TASK: Filter these entries down to lines holding "wallet".

DATA TO USE:
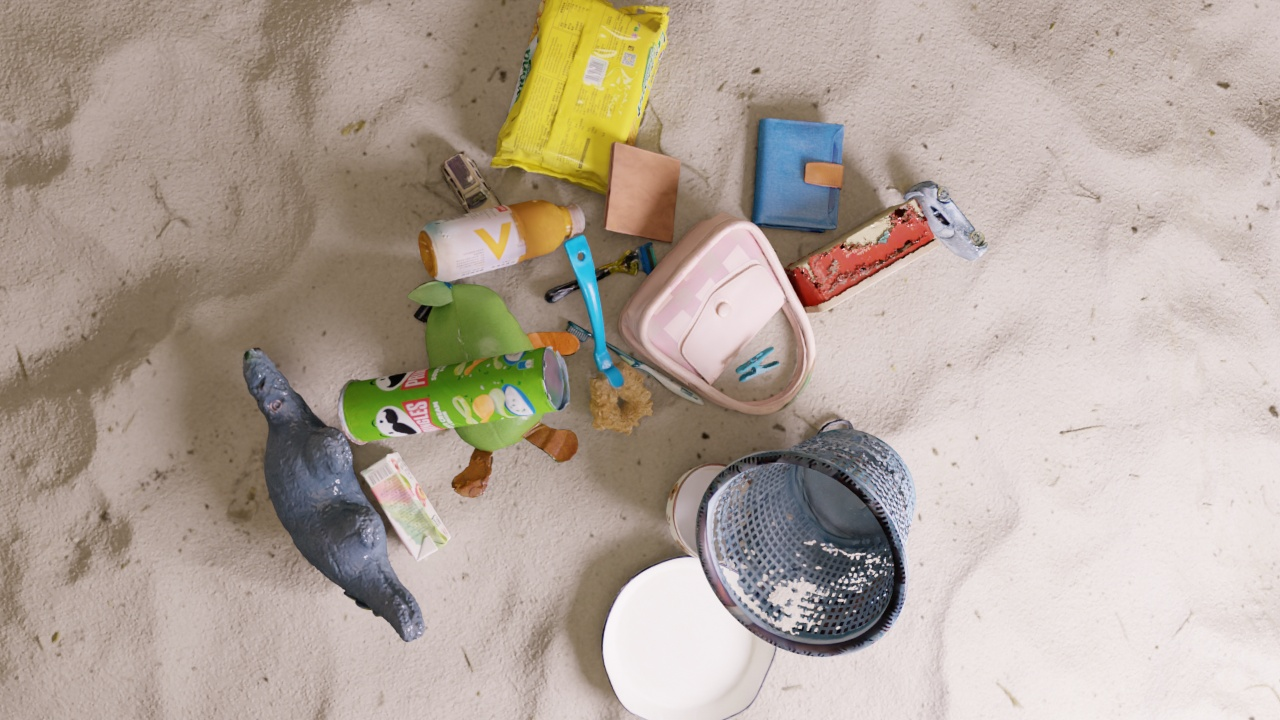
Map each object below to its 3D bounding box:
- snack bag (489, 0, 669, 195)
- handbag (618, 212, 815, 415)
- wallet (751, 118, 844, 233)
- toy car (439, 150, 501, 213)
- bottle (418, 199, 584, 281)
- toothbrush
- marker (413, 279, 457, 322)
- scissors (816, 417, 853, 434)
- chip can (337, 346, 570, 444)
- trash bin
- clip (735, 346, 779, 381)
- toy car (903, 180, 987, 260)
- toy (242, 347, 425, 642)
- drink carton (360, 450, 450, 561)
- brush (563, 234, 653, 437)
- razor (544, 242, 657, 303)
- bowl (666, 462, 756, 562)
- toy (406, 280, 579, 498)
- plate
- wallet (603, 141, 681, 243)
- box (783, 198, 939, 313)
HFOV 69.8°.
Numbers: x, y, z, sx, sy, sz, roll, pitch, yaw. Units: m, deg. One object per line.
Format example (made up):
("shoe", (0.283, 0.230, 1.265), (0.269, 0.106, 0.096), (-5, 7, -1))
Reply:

WRITTEN SOLUTION:
- wallet (751, 118, 844, 233)
- wallet (603, 141, 681, 243)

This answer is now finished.